Crisis on infinite earths pdf download






















Worlds will live and worlds will die. Written and illustrated by a who's who of famous and prolific authors and artists, Crisis on Infinite Earths Companion Deluxe Vol. Annual 1 and New Teen Titans The original Teen Titans always stood in the shadows of their larger-than-life mentors — young heroes like Robin, Wonder Girl and Kid Flash saw plenty of action, but it was Batman, Wonder Woman and The Flash who ultimately called the shots. Catch up with the super adventures of Barry Allen, also known as the Flash, in the third book of this middle-grade series.

Featuring adventures not seen on TV, Barry continues his mission to protect Central City from sinister plots. The book builds upon the world of the popular TV show in a new medium by author Barry Lyga. Everything Barry Allen knows has changed in a flash. The course of history has been changed, and a new reality has replaced his own. Villains have become conquerors.

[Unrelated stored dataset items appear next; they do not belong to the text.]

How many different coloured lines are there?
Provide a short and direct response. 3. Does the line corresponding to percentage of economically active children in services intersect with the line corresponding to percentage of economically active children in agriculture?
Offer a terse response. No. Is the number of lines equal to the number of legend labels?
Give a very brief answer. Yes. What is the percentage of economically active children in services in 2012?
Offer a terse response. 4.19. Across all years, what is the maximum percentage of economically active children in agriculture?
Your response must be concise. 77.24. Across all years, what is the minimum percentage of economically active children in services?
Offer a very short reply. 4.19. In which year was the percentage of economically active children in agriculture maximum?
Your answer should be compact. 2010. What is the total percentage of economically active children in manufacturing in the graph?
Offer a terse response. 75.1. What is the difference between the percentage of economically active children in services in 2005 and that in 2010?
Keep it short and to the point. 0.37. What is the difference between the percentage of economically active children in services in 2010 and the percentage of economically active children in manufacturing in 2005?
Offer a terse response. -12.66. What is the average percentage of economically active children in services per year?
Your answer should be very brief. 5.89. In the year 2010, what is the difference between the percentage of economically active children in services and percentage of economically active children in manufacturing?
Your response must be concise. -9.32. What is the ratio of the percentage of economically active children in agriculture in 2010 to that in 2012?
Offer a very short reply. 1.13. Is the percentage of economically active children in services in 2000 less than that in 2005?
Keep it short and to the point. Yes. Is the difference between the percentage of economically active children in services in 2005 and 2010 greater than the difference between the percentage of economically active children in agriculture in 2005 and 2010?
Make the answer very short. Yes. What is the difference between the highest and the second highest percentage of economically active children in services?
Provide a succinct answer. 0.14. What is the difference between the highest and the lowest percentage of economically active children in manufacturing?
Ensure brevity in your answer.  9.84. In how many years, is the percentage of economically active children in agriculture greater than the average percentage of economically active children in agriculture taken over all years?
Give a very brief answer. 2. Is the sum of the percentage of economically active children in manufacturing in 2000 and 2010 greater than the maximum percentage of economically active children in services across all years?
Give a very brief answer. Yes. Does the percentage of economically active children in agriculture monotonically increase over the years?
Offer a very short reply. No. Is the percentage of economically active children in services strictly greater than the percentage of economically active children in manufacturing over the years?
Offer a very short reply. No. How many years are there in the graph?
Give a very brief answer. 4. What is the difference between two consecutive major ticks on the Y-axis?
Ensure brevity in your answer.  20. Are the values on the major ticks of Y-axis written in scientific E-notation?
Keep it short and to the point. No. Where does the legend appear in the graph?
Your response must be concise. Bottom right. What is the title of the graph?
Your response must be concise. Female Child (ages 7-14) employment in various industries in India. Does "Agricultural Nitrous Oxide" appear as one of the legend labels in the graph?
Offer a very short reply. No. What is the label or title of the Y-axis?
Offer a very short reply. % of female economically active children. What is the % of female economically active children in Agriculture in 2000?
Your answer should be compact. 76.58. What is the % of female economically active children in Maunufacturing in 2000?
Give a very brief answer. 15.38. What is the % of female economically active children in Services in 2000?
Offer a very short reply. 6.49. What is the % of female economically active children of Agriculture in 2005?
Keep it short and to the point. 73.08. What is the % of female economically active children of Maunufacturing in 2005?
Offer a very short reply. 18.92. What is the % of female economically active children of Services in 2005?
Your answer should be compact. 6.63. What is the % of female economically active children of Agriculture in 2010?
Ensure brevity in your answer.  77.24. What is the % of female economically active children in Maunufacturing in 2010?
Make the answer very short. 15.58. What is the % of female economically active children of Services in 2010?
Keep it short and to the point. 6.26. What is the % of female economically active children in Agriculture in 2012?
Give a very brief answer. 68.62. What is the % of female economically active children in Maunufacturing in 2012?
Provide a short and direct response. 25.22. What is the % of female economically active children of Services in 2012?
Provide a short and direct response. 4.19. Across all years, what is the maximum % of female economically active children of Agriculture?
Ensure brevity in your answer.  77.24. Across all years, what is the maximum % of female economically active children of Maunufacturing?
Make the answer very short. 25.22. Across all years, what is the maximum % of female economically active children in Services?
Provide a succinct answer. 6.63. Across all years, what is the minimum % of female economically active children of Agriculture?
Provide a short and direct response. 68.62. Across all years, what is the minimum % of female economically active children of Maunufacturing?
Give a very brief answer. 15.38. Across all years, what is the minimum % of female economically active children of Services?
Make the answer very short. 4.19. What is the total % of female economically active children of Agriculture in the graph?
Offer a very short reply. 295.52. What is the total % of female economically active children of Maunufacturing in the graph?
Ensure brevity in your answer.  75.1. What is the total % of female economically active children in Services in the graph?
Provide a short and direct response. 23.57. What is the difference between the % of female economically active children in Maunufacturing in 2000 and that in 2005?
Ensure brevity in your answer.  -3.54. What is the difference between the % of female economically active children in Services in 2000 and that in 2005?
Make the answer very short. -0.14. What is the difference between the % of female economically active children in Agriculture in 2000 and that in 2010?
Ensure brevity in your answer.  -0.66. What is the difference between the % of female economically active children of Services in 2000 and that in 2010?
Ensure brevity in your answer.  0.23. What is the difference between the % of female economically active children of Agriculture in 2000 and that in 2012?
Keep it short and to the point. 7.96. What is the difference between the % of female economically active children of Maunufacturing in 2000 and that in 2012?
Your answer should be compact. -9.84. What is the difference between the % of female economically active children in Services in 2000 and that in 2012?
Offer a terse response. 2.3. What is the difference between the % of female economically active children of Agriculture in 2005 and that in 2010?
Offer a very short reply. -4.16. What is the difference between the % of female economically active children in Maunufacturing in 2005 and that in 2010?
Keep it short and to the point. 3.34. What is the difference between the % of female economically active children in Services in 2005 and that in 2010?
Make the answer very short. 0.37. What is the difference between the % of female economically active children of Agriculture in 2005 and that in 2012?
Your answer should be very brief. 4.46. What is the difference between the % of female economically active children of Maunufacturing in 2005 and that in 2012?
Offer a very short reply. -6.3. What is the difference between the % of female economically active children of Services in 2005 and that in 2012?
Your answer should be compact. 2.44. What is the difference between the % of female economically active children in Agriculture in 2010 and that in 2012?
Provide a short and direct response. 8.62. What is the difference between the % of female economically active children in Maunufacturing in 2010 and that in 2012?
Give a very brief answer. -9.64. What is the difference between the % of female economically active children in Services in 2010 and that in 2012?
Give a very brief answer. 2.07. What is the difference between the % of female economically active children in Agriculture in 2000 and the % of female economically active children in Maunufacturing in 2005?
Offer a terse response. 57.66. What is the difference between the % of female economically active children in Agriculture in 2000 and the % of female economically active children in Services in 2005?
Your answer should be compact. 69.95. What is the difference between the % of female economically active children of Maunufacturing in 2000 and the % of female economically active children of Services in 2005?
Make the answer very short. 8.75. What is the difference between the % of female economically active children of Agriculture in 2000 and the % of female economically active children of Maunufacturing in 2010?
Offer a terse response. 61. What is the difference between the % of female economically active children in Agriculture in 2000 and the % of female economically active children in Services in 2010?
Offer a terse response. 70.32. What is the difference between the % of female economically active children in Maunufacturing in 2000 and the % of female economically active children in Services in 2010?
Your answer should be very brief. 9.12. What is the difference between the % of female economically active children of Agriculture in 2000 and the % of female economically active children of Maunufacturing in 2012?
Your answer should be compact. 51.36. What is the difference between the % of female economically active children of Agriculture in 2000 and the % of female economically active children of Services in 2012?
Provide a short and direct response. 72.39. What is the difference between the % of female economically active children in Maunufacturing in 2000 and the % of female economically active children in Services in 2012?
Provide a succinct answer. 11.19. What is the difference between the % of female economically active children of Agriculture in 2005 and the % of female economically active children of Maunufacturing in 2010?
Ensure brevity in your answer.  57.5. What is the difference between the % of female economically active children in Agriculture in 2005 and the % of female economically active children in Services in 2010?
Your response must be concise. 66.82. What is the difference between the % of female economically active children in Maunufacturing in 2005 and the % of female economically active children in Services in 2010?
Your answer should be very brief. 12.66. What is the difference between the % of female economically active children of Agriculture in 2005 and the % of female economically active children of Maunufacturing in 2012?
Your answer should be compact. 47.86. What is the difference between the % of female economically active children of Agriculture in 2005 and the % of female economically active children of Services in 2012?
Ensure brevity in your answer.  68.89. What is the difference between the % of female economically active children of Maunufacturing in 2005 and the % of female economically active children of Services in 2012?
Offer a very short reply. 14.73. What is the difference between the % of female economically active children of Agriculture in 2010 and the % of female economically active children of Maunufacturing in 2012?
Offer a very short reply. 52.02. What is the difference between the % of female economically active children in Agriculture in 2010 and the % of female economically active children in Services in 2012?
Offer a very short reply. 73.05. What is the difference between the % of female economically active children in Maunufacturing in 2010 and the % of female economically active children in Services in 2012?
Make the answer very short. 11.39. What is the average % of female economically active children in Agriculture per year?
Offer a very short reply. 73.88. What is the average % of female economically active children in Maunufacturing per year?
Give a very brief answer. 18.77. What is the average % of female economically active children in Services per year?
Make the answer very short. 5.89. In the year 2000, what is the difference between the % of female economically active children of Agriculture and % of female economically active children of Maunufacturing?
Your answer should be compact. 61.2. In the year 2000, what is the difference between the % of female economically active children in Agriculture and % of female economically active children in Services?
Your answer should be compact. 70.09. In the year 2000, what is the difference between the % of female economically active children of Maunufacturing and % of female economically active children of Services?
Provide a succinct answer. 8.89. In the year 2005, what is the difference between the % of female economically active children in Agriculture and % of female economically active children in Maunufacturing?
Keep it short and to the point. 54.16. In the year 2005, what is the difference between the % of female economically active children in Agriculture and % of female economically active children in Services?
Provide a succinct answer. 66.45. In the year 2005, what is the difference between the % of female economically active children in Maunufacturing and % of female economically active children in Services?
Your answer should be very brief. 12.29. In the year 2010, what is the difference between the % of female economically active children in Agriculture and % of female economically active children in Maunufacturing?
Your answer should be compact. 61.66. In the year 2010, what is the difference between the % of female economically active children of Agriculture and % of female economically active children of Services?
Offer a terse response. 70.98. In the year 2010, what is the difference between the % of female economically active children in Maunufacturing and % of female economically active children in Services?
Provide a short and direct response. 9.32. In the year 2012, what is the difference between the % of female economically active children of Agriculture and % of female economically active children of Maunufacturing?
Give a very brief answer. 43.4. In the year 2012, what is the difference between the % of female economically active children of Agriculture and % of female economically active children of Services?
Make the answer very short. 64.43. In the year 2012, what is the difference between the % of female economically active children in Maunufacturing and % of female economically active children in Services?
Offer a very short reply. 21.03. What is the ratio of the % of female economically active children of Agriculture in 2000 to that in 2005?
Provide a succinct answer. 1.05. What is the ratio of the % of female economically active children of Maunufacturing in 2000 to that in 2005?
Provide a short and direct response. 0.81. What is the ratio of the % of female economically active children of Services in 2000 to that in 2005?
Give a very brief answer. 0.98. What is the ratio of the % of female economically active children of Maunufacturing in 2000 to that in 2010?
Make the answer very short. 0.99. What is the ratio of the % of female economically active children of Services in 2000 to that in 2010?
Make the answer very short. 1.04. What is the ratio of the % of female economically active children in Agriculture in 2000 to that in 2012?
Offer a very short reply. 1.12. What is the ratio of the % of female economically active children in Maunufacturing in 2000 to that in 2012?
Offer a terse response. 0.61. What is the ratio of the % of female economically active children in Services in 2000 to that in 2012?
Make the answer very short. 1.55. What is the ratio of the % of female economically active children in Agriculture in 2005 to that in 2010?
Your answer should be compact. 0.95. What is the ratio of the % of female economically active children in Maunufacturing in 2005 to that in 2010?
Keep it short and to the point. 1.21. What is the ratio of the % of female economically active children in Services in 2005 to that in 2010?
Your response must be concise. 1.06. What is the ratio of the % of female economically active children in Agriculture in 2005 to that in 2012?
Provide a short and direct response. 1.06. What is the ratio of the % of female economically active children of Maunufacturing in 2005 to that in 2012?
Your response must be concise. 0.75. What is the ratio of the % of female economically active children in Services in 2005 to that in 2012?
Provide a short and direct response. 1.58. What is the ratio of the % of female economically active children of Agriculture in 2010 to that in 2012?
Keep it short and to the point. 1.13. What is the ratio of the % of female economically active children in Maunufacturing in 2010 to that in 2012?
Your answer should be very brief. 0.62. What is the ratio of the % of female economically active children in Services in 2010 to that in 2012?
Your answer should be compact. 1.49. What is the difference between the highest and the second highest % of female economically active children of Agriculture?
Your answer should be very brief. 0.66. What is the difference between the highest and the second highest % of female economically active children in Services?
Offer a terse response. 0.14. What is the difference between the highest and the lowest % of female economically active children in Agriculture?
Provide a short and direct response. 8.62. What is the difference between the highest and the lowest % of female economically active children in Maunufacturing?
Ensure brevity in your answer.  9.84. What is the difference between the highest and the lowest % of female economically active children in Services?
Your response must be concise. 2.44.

Heroes have become villains—or nothing at all. Humanity is on the brink of all-out destruction. And the Flash, powerless and friendless, has been brought to a standstill. But whether they succeed or fail, the world will never be the same!

Once, there were infinite Earths. Then there came a Crisis Worlds lived. Worlds died. But some worlds must now fight for their future-in the Convergence! The evil alien intelligence known as Brainiac has stolen 50 doomed cities from throughout time and space and sealed them behind impenetrable domes. Now, after a year, the domes will come down-and the heroes and villains of 50 dead worlds must battle to be the last one standing! Des mondes vont vivre Contient Justice League of America , , , Even the planet he had been standing on was gone.

He felt the familiar burning inside his stomach. It told him he was about to be brought to yet another world in yet another universe. And when he got there, he would be forced to watch it die, too.

He cried out, "Why me? As always. Six E ven when I tried, the speed force wouldn't let me stop running. I wanted to slow down, but instead I found myself racing even faster. Strangely, as much as I knew that should have bothered me, it didn't. I felt at ease here, eerily calm. Yes, I knew there was an urgency that demanded my attention. I was, after all, supposed to save the world.

But I felt strangely at home in this place of speed. I didn't want to leave. Instead, I wanted to find the other speedsters, whoever they were. I wondered if they shared the same problems and concerns I once had? Were they as impatient with everything as I used to be? Did the world move slowly for them, too? People took forever to think. One word conversations seemingly dragged on for months. C'mon, man, move it.

Spit it out. Say it already! For someone who had once been the slowest man on Earth, after I became the Flash I had to learn, of all things, patience. Listen to them. It's not their fault they 're slow. I could live a whole life before they finished drinking a soda.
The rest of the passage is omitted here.